[WHAT YOU ARE ASKED TO DO]: Exactly as they appear below, repeat the lines from the one with "#4 person [270,509,330,686]" through the one with "11) person (1493, 8, 1540, 128)". Drop every picture.

Start of DATA FOR REVIEW

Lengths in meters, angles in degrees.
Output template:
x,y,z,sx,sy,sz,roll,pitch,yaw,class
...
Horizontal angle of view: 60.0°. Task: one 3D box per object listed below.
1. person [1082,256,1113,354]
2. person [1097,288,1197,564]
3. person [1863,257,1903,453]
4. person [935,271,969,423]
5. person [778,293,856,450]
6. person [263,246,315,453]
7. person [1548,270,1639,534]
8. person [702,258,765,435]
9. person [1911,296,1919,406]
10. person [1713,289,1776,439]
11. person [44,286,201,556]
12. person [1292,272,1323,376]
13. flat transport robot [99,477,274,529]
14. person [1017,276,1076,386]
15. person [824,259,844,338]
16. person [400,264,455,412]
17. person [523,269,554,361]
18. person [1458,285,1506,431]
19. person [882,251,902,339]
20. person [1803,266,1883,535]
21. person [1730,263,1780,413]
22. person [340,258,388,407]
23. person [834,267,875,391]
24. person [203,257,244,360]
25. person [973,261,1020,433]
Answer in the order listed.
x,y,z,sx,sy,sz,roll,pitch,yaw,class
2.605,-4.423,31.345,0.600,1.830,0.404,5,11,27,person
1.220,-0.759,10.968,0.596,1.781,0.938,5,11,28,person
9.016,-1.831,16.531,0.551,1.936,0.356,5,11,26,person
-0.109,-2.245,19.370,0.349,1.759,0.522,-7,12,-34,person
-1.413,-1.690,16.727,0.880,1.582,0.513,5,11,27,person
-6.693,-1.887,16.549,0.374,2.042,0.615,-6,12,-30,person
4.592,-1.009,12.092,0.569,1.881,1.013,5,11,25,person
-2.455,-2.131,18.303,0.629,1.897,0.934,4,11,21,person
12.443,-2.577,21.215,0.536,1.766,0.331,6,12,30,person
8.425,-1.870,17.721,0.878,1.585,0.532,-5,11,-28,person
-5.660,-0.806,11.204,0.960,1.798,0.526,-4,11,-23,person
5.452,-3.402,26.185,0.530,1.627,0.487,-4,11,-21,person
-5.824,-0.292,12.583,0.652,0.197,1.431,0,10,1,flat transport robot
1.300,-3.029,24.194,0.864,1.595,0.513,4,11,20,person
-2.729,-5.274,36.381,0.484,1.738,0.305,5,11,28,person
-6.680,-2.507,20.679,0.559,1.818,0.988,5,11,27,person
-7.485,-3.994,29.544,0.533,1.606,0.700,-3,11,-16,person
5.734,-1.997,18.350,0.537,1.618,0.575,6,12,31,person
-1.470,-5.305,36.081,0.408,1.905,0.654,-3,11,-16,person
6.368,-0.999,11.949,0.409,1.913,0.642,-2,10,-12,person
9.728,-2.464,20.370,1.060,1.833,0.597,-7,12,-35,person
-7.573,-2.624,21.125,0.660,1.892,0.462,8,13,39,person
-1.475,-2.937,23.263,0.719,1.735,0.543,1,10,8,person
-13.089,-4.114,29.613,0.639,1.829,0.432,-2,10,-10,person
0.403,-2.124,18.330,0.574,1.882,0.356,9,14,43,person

End of DATA FOR REVIEW
Start of DATA FOR REVIEW

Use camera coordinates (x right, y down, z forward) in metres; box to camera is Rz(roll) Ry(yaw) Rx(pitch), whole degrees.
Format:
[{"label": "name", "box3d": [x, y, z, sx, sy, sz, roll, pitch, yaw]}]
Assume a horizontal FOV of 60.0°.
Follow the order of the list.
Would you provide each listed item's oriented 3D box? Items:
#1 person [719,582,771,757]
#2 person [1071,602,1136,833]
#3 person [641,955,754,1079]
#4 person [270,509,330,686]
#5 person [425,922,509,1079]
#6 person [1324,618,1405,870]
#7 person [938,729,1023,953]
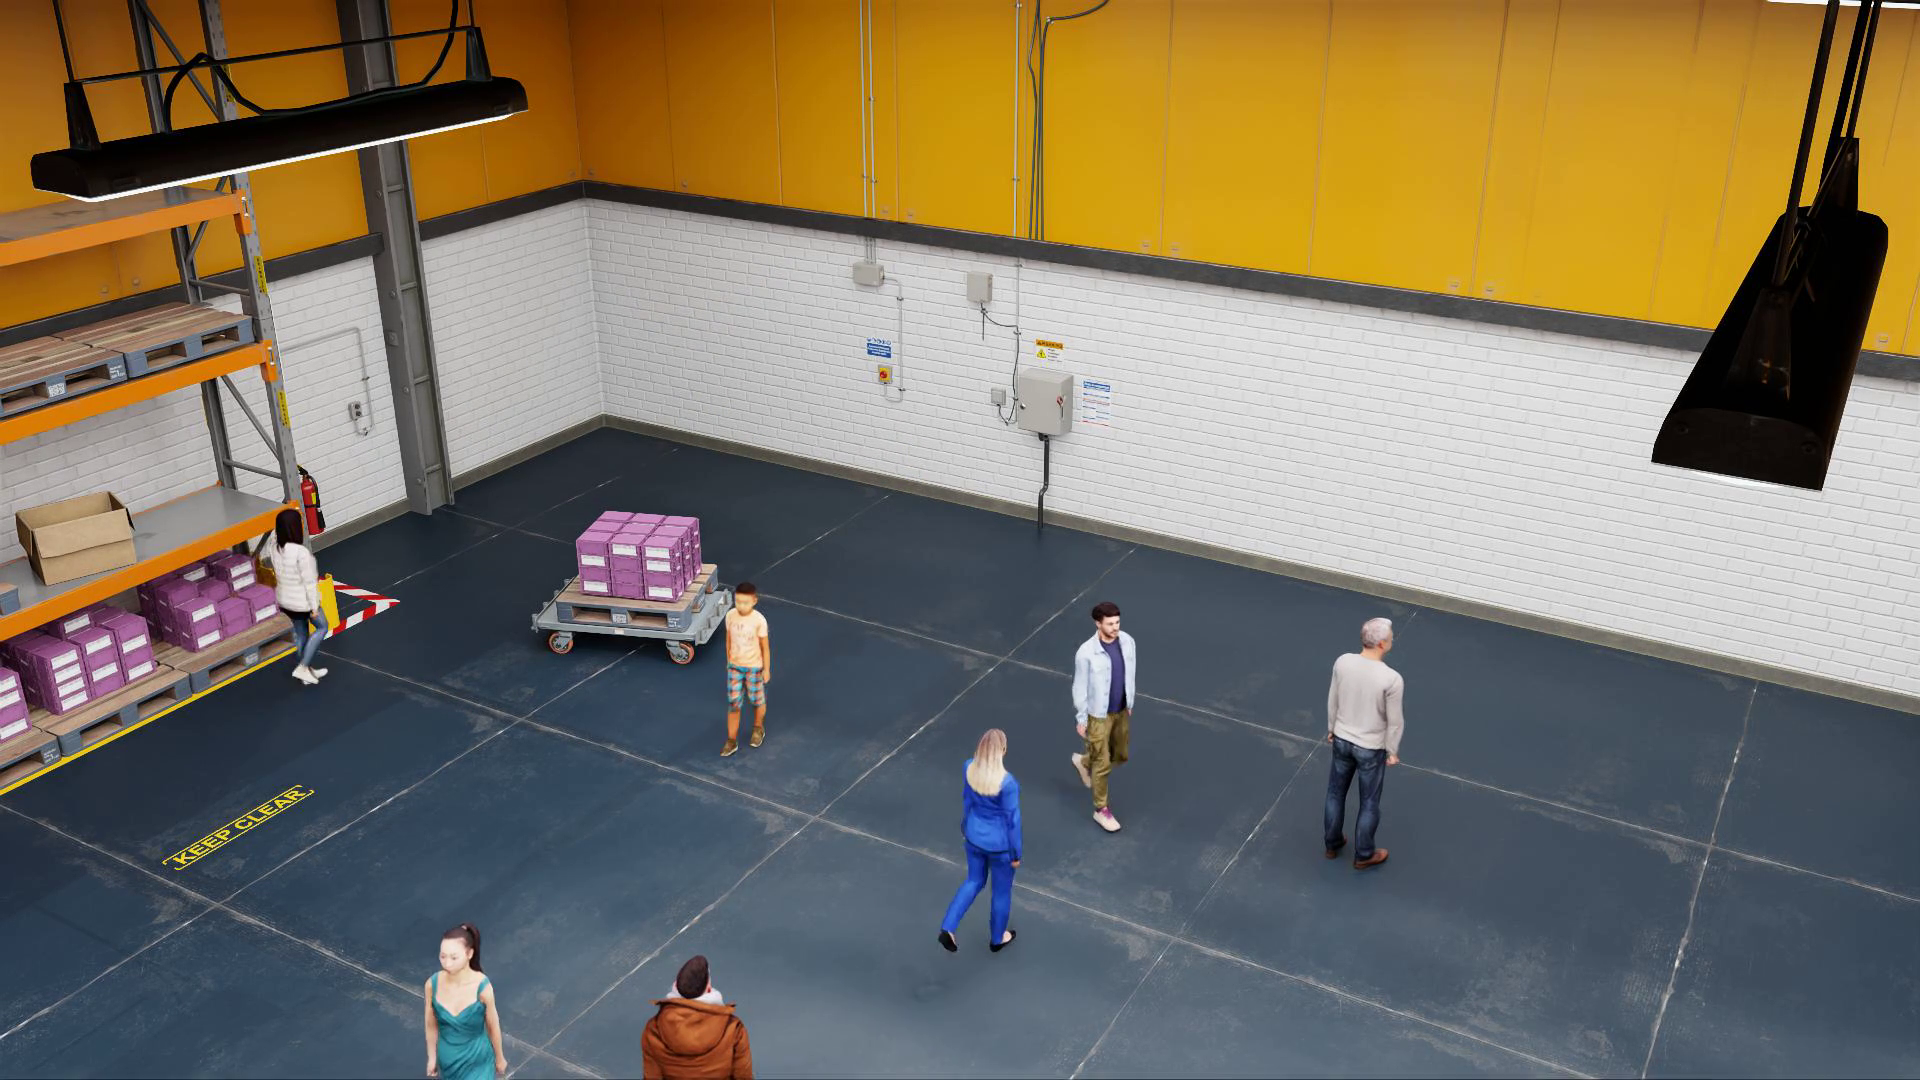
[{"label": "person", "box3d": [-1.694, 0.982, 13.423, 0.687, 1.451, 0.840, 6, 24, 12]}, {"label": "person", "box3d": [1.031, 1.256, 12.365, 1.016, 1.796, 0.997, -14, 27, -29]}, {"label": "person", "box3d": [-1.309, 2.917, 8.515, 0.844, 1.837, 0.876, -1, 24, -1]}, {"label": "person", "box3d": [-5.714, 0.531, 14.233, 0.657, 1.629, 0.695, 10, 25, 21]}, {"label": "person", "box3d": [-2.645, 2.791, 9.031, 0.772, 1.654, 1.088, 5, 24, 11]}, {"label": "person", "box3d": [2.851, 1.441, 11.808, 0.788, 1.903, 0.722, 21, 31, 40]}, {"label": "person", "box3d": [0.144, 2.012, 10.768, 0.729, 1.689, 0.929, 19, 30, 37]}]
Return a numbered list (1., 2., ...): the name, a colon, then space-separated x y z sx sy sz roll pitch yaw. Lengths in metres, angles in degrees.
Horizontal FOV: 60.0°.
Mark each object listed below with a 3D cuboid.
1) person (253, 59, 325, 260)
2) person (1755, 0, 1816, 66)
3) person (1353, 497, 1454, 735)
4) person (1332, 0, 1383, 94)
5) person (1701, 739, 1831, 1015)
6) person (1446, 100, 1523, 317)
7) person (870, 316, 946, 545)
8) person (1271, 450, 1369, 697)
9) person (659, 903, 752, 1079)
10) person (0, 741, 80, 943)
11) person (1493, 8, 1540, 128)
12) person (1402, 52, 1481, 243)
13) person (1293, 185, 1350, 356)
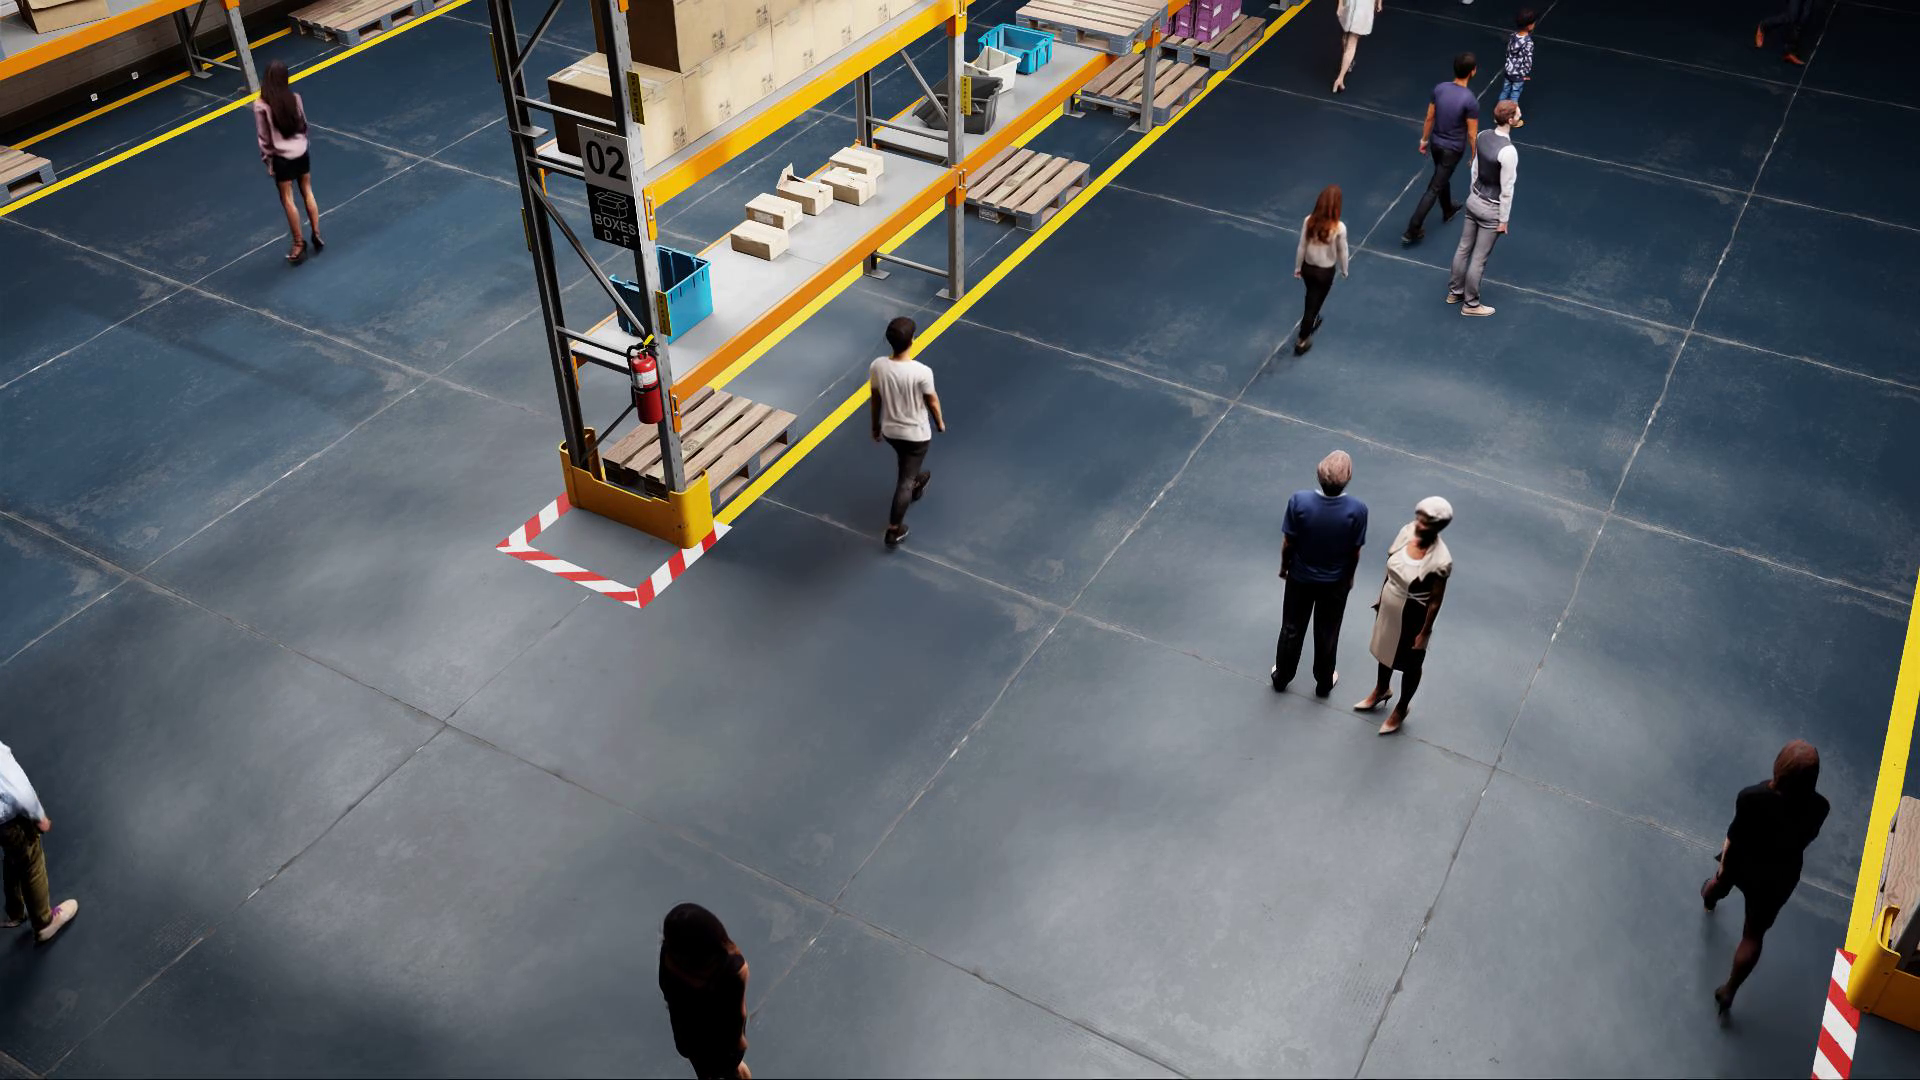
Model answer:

End of DATA FOR REVIEW

[EXERCISE SOLUTION]:
#4 person [270,509,330,686]
#5 person [425,922,509,1079]
#6 person [1324,618,1405,870]
#7 person [938,729,1023,953]
[{"label": "person", "box3d": [-1.694, 0.982, 13.423, 0.687, 1.451, 0.840, 6, 24, 12]}, {"label": "person", "box3d": [1.031, 1.256, 12.365, 1.016, 1.796, 0.997, -14, 27, -29]}, {"label": "person", "box3d": [-1.309, 2.917, 8.515, 0.844, 1.837, 0.876, -1, 24, -1]}, {"label": "person", "box3d": [-5.714, 0.531, 14.233, 0.657, 1.629, 0.695, 10, 25, 21]}, {"label": "person", "box3d": [-2.645, 2.791, 9.031, 0.772, 1.654, 1.088, 5, 24, 11]}, {"label": "person", "box3d": [2.851, 1.441, 11.808, 0.788, 1.903, 0.722, 21, 31, 40]}, {"label": "person", "box3d": [0.144, 2.012, 10.768, 0.729, 1.689, 0.929, 19, 30, 37]}]
Return a numbered list (1., 2., ...): the name, a colon, then space-separated x y z sx sy sz roll pitch yaw. Lengths in metres, angles in degrees.
Horizontal FOV: 60.0°.
Mark each object listed below with a 3D cuboid.
1) person (253, 59, 325, 260)
2) person (1755, 0, 1816, 66)
3) person (1353, 497, 1454, 735)
4) person (1332, 0, 1383, 94)
5) person (1701, 739, 1831, 1015)
6) person (1446, 100, 1523, 317)
7) person (870, 316, 946, 545)
8) person (1271, 450, 1369, 697)
9) person (659, 903, 752, 1079)
10) person (0, 741, 80, 943)
11) person (1493, 8, 1540, 128)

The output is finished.